Escándalo y nada más
Por Oswaldo Osorio
Ser provocador y desafiante no es condición suficiente para elevar un filme a un rango de calidad o siquiera de importancia. El escándalo que ha producido esta película ha hecho que se hable en el mundo entero de ella y que el público asista masivamente a verla, lo cual hace que muchos supongan que está llena de virtudes, sobre todo por el tema y las verdades que dice sobre él, aunque no toman en cuenta es cómo lo dice, y a veces esto es lo que más importa en el cine.
Y es que lo que plantea esta película acerca de la Iglesia también puede ser expuesto en artículo periodístico o un reportaje televisivo, pero justamente por eso una película debe apelar a esa riqueza de recursos dramáticos y narrativos que tiene el cine para no sólo decir lo que quiere, sino hacerlo de manera diferente y hasta más efectiva.
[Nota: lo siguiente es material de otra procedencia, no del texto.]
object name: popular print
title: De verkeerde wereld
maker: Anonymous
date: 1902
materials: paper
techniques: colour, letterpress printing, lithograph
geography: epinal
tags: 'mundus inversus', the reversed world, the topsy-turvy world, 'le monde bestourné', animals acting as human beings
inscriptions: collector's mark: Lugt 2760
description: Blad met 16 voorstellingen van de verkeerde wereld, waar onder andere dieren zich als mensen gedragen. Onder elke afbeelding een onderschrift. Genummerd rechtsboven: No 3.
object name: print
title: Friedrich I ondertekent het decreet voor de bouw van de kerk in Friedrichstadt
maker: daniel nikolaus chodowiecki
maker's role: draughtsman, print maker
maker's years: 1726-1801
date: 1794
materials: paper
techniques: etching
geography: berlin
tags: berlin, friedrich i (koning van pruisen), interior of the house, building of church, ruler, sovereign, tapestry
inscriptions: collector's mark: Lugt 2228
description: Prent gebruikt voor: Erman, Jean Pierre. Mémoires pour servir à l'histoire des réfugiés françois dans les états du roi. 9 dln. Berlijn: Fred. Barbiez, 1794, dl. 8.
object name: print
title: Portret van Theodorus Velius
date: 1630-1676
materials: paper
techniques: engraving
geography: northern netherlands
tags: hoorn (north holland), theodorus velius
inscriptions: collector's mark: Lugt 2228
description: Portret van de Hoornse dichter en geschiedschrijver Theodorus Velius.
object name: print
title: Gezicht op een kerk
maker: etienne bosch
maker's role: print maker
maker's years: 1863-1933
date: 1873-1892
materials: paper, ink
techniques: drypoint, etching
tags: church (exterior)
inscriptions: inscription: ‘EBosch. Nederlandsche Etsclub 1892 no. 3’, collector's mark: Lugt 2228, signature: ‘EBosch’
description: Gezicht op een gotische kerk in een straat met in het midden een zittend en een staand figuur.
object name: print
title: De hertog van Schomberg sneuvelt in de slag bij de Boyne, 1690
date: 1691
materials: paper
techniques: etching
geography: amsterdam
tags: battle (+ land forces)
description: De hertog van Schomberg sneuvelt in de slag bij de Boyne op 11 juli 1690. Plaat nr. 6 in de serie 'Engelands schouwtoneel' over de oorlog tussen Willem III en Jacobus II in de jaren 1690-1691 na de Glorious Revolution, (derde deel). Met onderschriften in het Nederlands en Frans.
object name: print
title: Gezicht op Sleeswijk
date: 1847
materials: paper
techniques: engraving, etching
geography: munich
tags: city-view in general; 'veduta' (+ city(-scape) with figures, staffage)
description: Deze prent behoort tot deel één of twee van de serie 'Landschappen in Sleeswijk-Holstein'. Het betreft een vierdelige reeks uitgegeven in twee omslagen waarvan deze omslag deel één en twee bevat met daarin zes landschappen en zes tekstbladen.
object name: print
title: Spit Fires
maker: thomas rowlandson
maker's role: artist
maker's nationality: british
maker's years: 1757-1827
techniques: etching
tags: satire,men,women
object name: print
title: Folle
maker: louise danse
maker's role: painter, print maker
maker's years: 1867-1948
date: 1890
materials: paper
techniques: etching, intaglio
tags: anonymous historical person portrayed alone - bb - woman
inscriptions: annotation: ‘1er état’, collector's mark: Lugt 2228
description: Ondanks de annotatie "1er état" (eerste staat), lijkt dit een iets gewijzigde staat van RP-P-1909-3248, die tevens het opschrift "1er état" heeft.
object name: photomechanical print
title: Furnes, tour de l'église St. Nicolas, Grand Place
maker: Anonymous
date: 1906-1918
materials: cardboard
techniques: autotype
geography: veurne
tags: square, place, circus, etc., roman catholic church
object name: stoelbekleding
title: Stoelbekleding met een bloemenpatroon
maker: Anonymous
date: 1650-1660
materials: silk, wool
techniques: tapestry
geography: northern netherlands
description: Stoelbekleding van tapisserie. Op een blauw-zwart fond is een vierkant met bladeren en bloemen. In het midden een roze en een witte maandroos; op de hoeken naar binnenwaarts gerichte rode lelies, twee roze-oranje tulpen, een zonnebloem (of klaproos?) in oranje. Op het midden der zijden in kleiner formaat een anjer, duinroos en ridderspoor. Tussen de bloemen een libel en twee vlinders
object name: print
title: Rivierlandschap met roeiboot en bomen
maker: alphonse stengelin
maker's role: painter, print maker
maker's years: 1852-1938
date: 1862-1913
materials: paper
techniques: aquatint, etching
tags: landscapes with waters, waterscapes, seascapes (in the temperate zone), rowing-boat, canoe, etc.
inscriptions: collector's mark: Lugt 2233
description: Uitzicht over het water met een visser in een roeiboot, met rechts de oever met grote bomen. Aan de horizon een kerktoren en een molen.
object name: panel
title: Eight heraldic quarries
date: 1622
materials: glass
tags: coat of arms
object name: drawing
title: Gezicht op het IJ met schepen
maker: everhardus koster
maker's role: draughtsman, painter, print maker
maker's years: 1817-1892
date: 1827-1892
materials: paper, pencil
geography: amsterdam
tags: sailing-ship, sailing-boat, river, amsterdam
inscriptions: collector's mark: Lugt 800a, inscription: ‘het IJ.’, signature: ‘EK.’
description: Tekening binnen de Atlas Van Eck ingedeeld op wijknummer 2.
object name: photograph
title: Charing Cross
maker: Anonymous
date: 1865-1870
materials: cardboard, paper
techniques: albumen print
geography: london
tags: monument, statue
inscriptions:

Esta película prácticamente se centra en la anécdota que quiere poner en evidencia la corrupción al interior de la Iglesia y el clero. El tema no es nada nuevo, ni siquiera un secreto a voces, todos lo conocemos y el mismo director lo reitera cuando lo primero que nos dice es que su película está basada en un libro escrito hace más de un siglo. Además, ya lo hemos visto en innumerables películas, pues siempre que se nos habla de corrupción del poder hay una sotana de por medio.
Entonces el verdadero drama, el conflicto real de esta película debía estar centrado, no en la corrupción como tal sino como proceso. Para eso se nos muestra el padre Amaro desde su llegada al pueblo, para eso pone en juego el torpe recurso del atraco al bus y la caridad del padre para con el anciano, porque director y guionista parece que querían mostrar ese contraste entre el padre Amaro que comienza la película y el que la termina.
Amaro como Jeckill y Hyde
Pero justamente es en ese proceso donde falla todo el relato, porque nunca vemos al personaje de Amaro sólido en esa evolución. A pesar del incidente del bus, no queda claro si desde que llegó es corrupto y luego cambió, porque el salto es tan abrupto que en ningún momento convence. El padre Amaro parece Jeckill y Hyde, por esa forma tan repentina como se transforma, de un momento a otro la película lo convierte en un hombre de la peor calaña, acumulando en él una casi inverosímil sarta de defectos y mezquindades: es mentiroso, maquinador, lujurioso, vengativo, sacrílego, deshonesto, extorsiona, lava dinero, empuja a la joven a un letal aborto y, lo peor todo, no parece tener remordimiento alguno por todo esto.
Salvo un par de ocasiones, en ningún momento se evidencia el conflicto interno del personaje, que es donde debería estar el verdadero drama de la historia. Entonces resulta un personaje tremendamente esquemático y desdibujado en su complejidad, muy a pesar de la interpretación siempre convincente de Gael García Bernal. Igual ocurre con todo el relato, casi cada una de las situaciones y los demás personajes: todo es una puesta en escena superflua y esquemática (aunque perfecta en su técnica), sin más sentido y dimensión que buscar recalcar qué tan hundida está la Iglesia y sus ministros en asuntos non sanctos.
Muchos han querido interpretar este sospechoso énfasis de la película en las miserias terrenales de la Iglesia como una forma de apelar, como casi único fin, al “escándalo burgués buñueliano”, pero las intensiones de Carrera parecen también más terrenales, porque nada tienen que ver sus elementales planteamientos, que se quedan en lo anecdótico y en la ambigüedad o esquematismo de sus personajes, con los ricos e ingeniosos recursos utilizados por Luis Buñuel para denigrar de la Iglesia y la burguesía. Entre lo uno y lo otro está el genio de por medio y no sólo el deseo de escandalizar.